Supply chain spotlight: The key to supply chain resilience
04 / 07 / 2022
Credit: Shutterstock In 2022, Aerolíneas Argentinas transported large amounts of agricultural products
The logistics industry has faced a period of unprecedented challenges in recent years and, as a result, the resilience of the supply chain across the globe has received unprecedented attention.
The World Economic Forum defines supply chain resilience as “the ability of a global supply chain to reorganise and deliver its core function continually, despite the impact of external and/or internal shocks to the system”.
While the logistics industry has proved itself to be incredibly resilient by continuing to deliver the needs of the nation, the situation has not been without its challenges, with issues such as port delays, a shortage of HGV drivers and businesses incurring rising costs impacting the supply chain.
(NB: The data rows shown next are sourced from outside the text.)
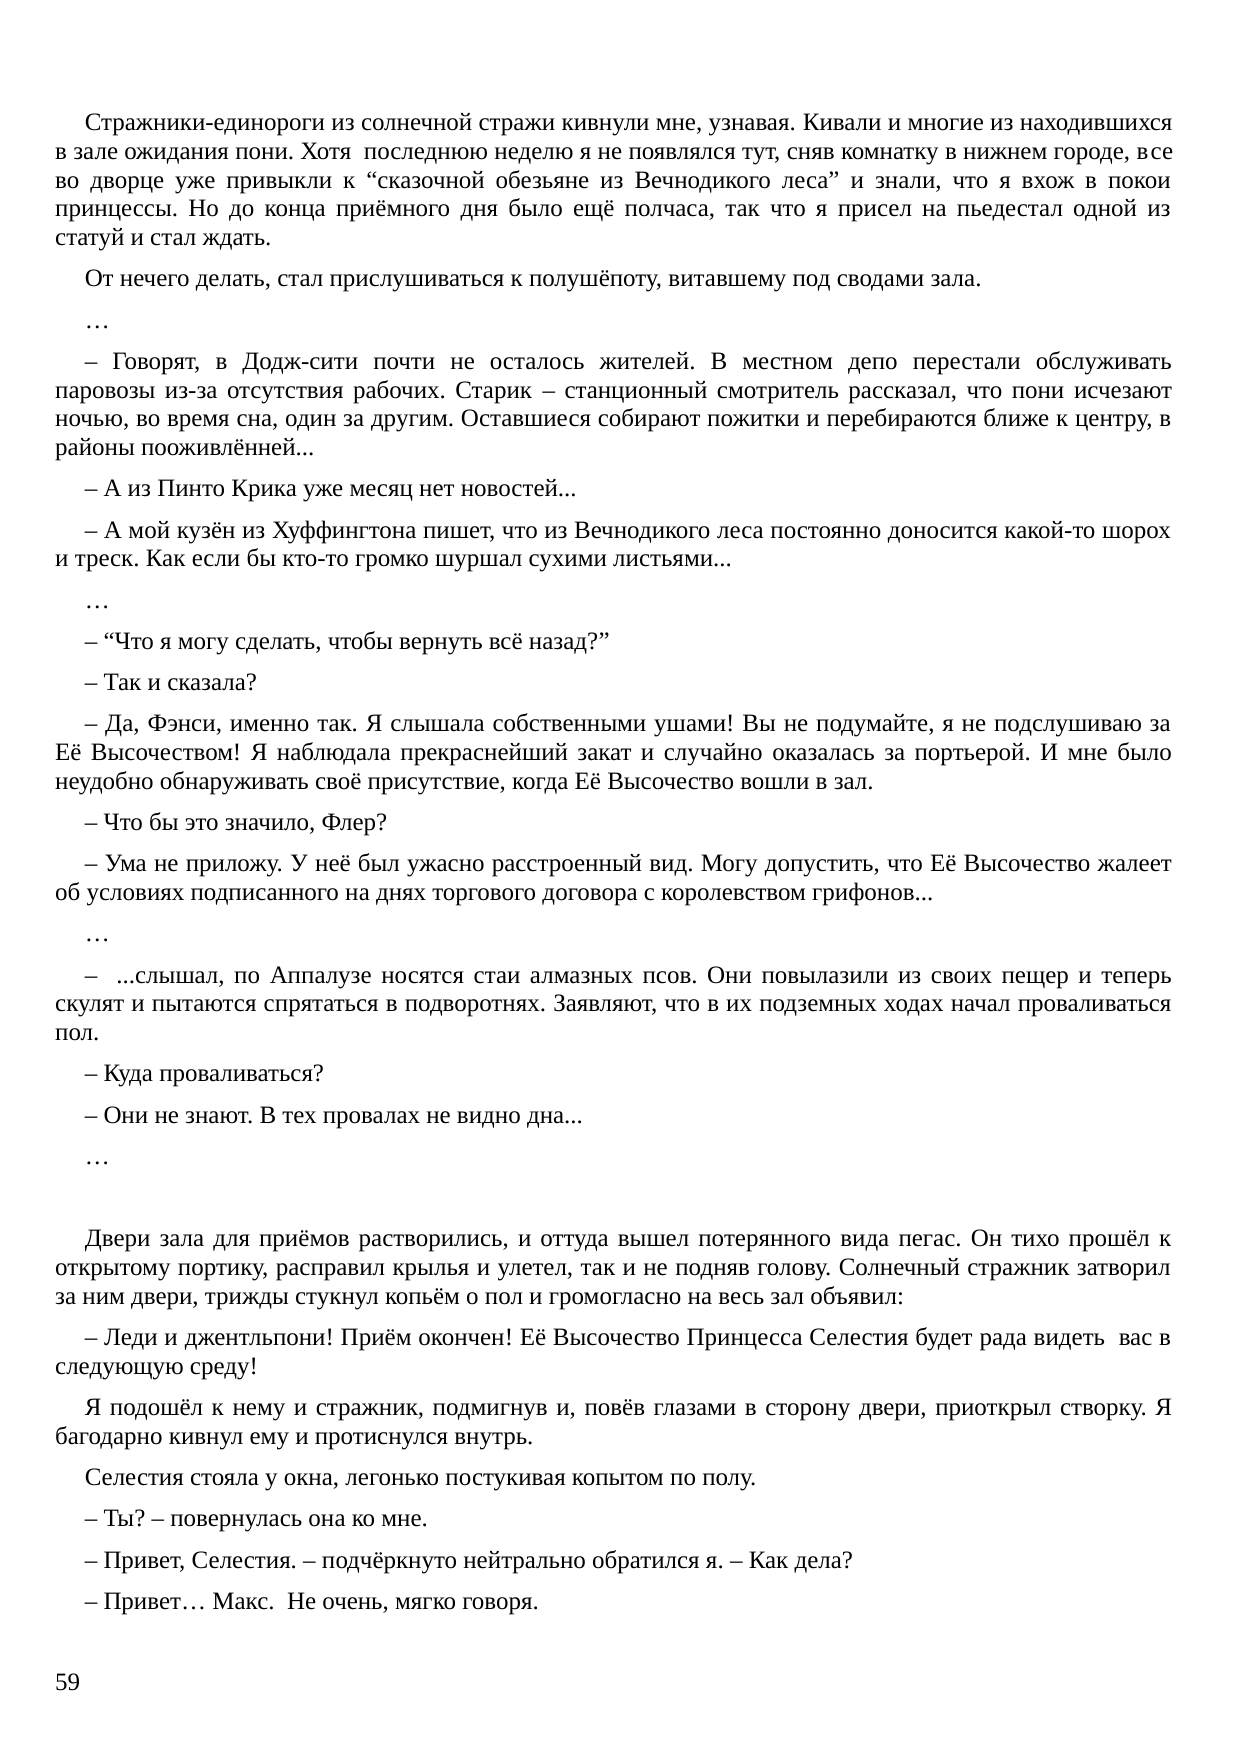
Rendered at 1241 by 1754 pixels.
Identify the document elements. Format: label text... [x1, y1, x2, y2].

text – Ума не приложу. У неё был ужасно расстроенный вид. Могу допустить, что Её Высочество жалеет об условиях подписанного на днях торгового договора с королевством грифонов... [55, 848, 1173, 906]
text – Говорят, в Додж-сити почти не осталось жителей. В местном депо перестали обслуживать паровозы из-за отсутствия рабочих. Старик – станционный смотритель рассказал, что пони исчезают ночью, во время сна, один за другим. Оставшиеся собирают пожитки и перебираются ближе к центру, в районы пооживлённей... [55, 346, 1173, 461]
text – Леди и джентльпони! Приём окончен! Её Высочество Принцесса Селестия будет рада видеть вас в следующую среду! [55, 1322, 1173, 1380]
text Двери зала для приёмов растворились, и оттуда вышел потерянного вида пегас. Он тихо прошёл к открытому портику, расправил крылья и улетел, так и не подняв голову. Солнечный стражник затворил за ним двери, трижды стукнул копьём о пол и громогласно на весь зал объявил: [55, 1223, 1173, 1310]
text … [55, 1141, 1173, 1170]
text – ...слышал, по Аппалузе носятся стаи алмазных псов. Они повылазили из своих пещер и теперь скулят и пытаются спрятаться в подворотнях. Заявляют, что в их подземных ходах начал проваливаться пол. [55, 960, 1173, 1046]
text От нечего делать, стал прислушиваться к полушёпоту, витавшему под сводами зала. [55, 263, 1173, 292]
text – Привет… Макс. Не очень, мягко говоря. [55, 1586, 1173, 1615]
text – “Что я могу сделать, чтобы вернуть всё назад?” [55, 626, 1173, 655]
text Стражники-единороги из солнечной стражи кивнули мне, узнавая. Кивали и многие из находившихся в зале ожидания пони. Хотя последнюю неделю я не появлялся тут, сняв комнатку в нижнем городе, все во дворце уже привыкли к “сказочной обезьяне из Вечнодикого леса” и знали, что я вхож в покои принцессы. Но до конца приёмного дня было ещё полчаса, так что я присел на пьедестал одной из статуй и стал ждать. [55, 107, 1173, 251]
text – Привет, Селестия. – подчёркнуто нейтрально обратился я. – Как дела? [55, 1545, 1173, 1573]
text Я подошёл к нему и стражник, подмигнув и, повёв глазами в сторону двери, приоткрыл створку. Я багодарно кивнул ему и протиснулся внутрь. [55, 1392, 1173, 1450]
text – Ты? – повернулась она ко мне. [55, 1503, 1173, 1532]
text – А из Пинто Крика уже месяц нет новостей... [55, 473, 1173, 502]
text … [55, 918, 1173, 947]
text … [55, 305, 1173, 333]
text – А мой кузён из Хуффингтона пишет, что из Вечнодикого леса постоянно доносится какой-то шорох и треск. Как если бы кто-то громко шуршал сухими листьями... [55, 515, 1173, 572]
text Селестия стояла у окна, легонько постукивая копытом по полу. [55, 1462, 1173, 1491]
text – Куда проваливаться? [55, 1058, 1173, 1087]
text – Что бы это значило, Флер? [55, 807, 1173, 836]
text – Они не знают. В тех провалах не видно дна... [55, 1100, 1173, 1128]
text … [55, 585, 1173, 613]
text – Да, Фэнси, именно так. Я слышала собственными ушами! Вы не подумайте, я не подслушиваю за Её Высочеством! Я наблюдала прекраснейший закат и случайно оказалась за портьерой. И мне было неудобно обнаруживать своё присутствие, когда Её Высочество вошли в зал. [55, 708, 1173, 795]
text – Так и сказала? [55, 667, 1173, 696]
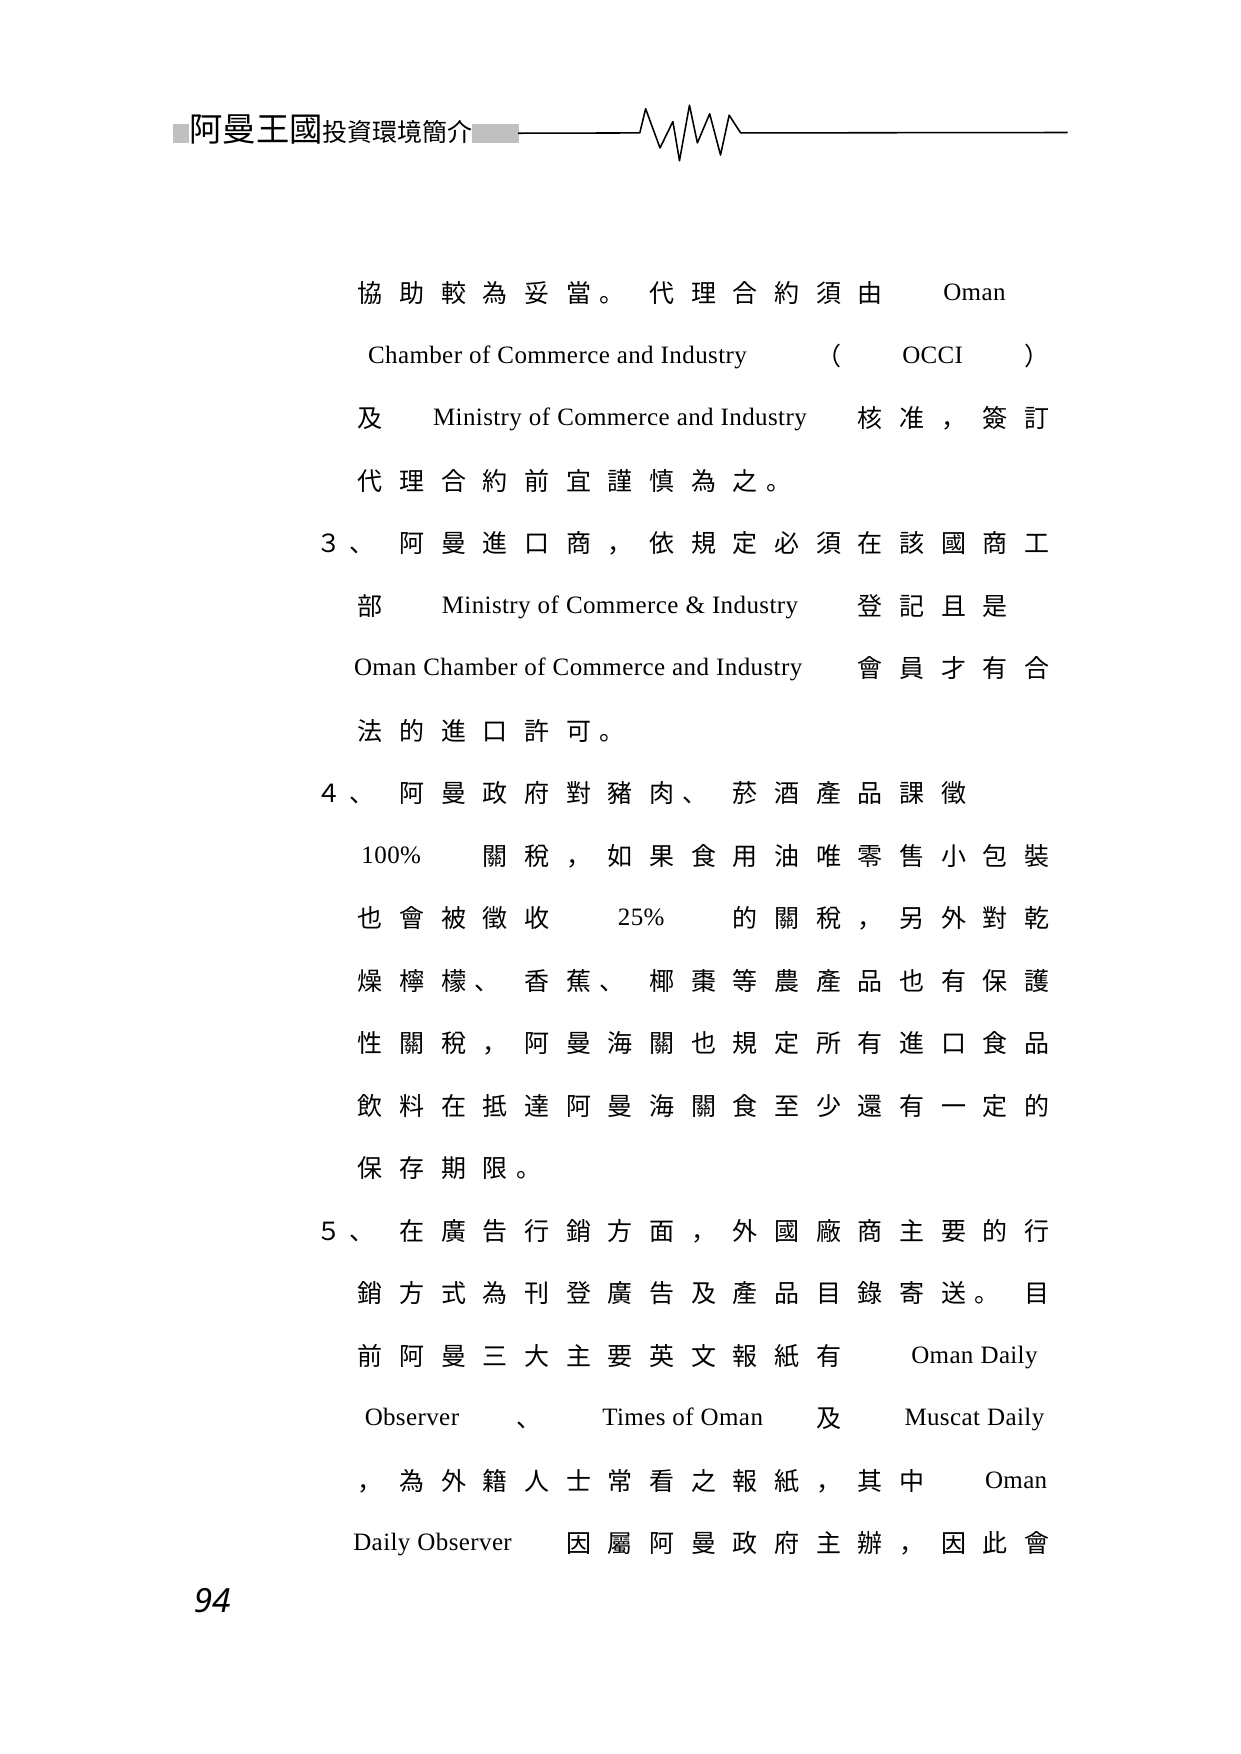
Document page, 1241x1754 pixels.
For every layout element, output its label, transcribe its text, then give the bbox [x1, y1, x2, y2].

text ４、阿曼政府對豬肉、菸酒產品課徵100%關稅，如果食用油唯零售小包裝也會被徵收25%的關稅，另外對乾燥檸檬、香蕉、椰棗等農產品也有保護性關稅，阿曼海關也規定所有進口食品飲料在抵達阿曼海關食至少還有一定的保存期限。 [281, 750, 1058, 1188]
text ３、阿曼進口商，依規定必須在該國商工部Ministry of Commerce & Industry登記且是Oman Chamber of Commerce and Industry會員才有合法的進口許可。 [281, 500, 1058, 750]
text 協助較為妥當。代理合約須由Oman Chamber of Commerce and Industry（OCCI）及Ministry of Commerce and Industry核准，簽訂代理合約前宜謹慎為之。 [281, 250, 1058, 500]
text ５、在廣告行銷方面，外國廠商主要的行銷方式為刊登廣告及產品目錄寄送。目前阿曼三大主要英文報紙有Oman Daily Observer、Times of Oman及Muscat Daily，為外籍人士常看之報紙，其中Oman Daily Observer因屬阿曼政府主辦，因此會 [281, 1188, 1058, 1563]
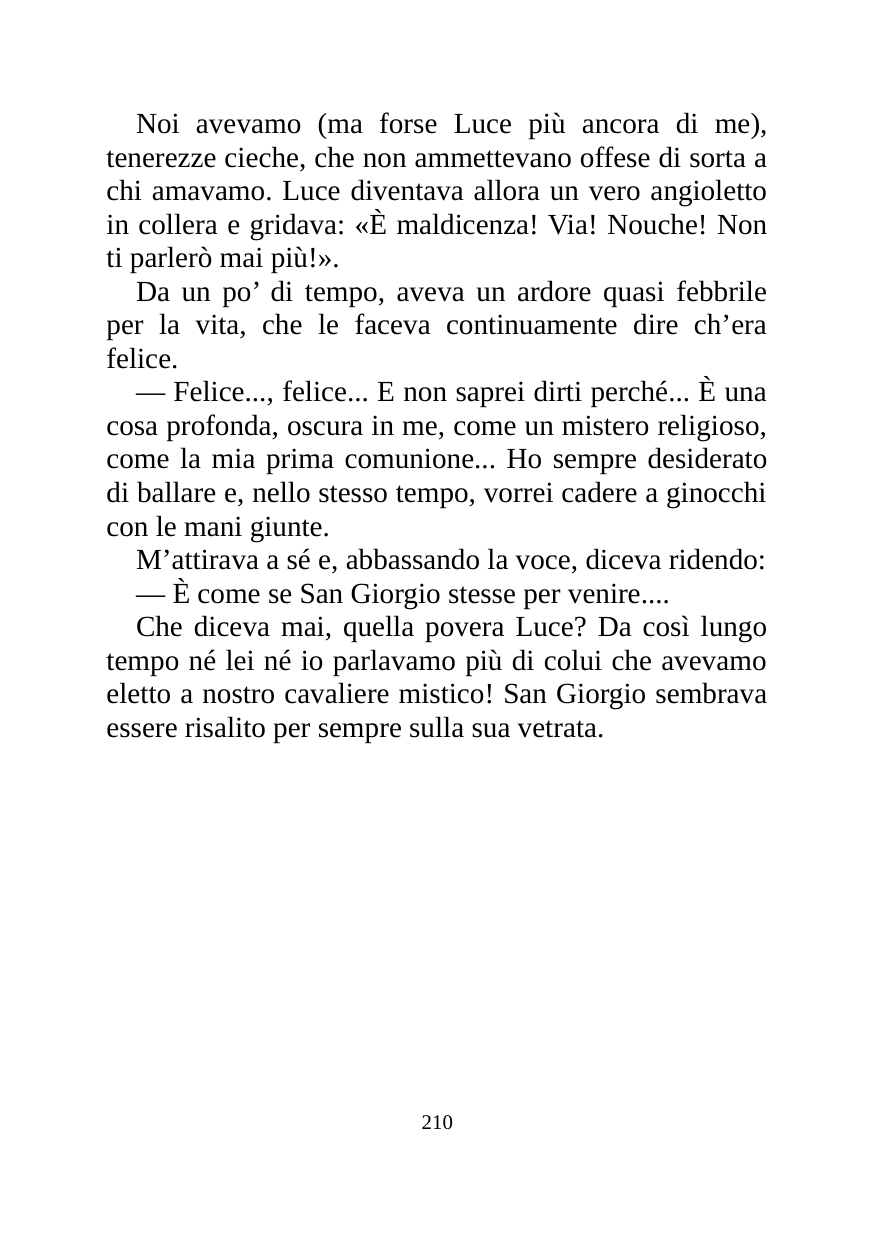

Although it is hard to predict the challenges of the future, businesses are being encouraged to analyse their operations and review the potential risks, either operationally (within a corporate boundary such as a warehouse fire or loss of a supplier), externally (as either part of the wider supply chain, such as rising airfreight or an airport closure) or globally (such as climate change).
By reviewing these potential risks, mitigations could be found prior to the event unfolding, therefore reducing that impact on that business, or the wider supply chain.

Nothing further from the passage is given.